The staff working on this project will have multidisciplinary training combining molecular genetics, engineering, quantitative imaging and computational analysis. This diverse training, along with collaborative work and problem solving will be highly applicable to both academic and industry employment. Our collaboration with the Lu Lab (Georgia Institute of Technology, USA) will not only strengthen collaborative links between the UK and USA, but also highlight the synergistic interactions between engineers and biologists.

Ageing and diets are universal aspects of daily life. By disseminating the outcomes of this research to the general public via press releases upon publication, we can increase scientific awareness on these topic that have broad appeal. We look forward to sharing our work with the public.

High-school students will also benefit from learning about our work and getting involved with our research; it can inspire them to pursue careers in science.

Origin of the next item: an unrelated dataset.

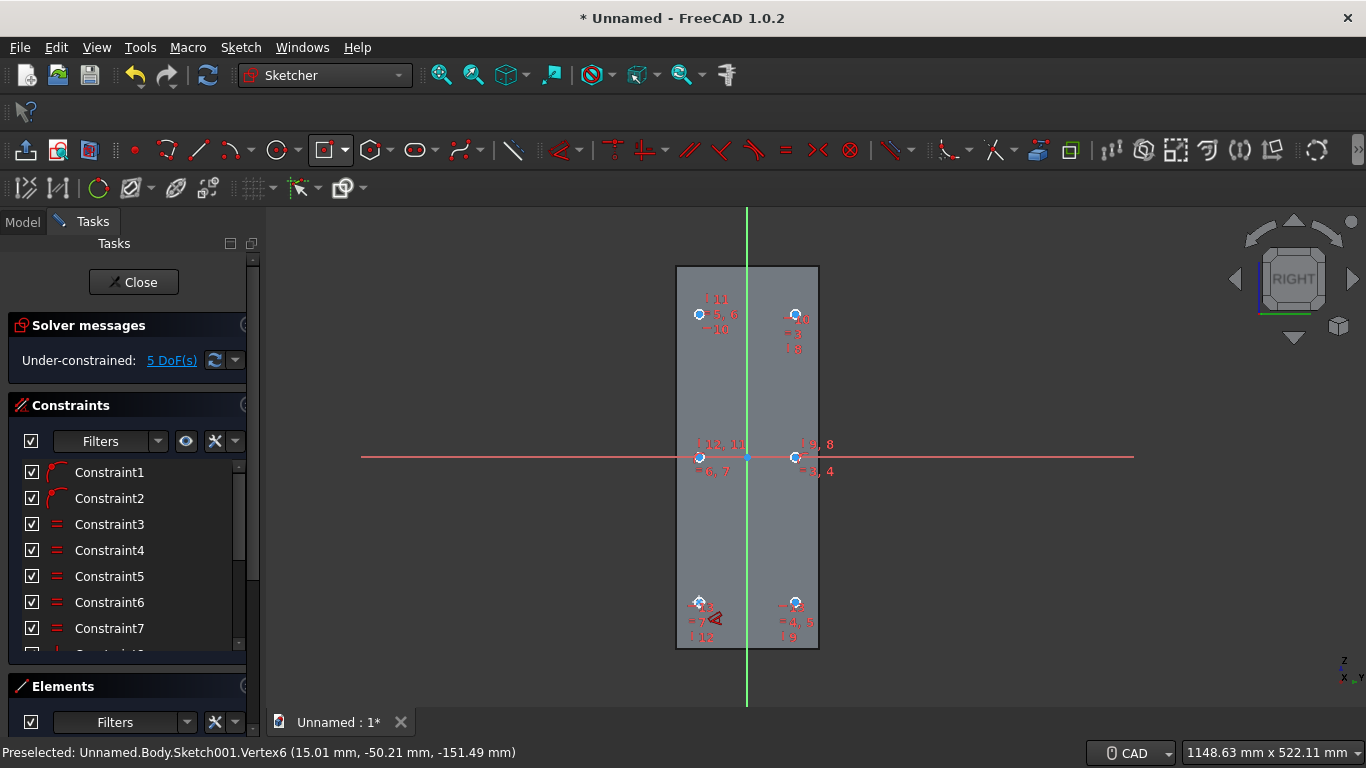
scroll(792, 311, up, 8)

To ensure that they benefit, I will be giving annual talks for grade 10 and 11 students at Southbank International. I will also accept one intern per year from this high school to work on simple aspects of the project; I have previously trained such students to perform molecular biology and genetic techniques. I will also conduct one tour of our lab each year for their student and introduce them to a career in science. These are a continuation of on-going activities that I have pursued with Sue Gray (Head of Biology) at Southbank International since 2010.

Some of our computational methods that we develop may also be relevant to "Big Data" driven knowledge industries, since our analyses are based on general approaches. We will look broadly for applications in collaboration with KCL Business.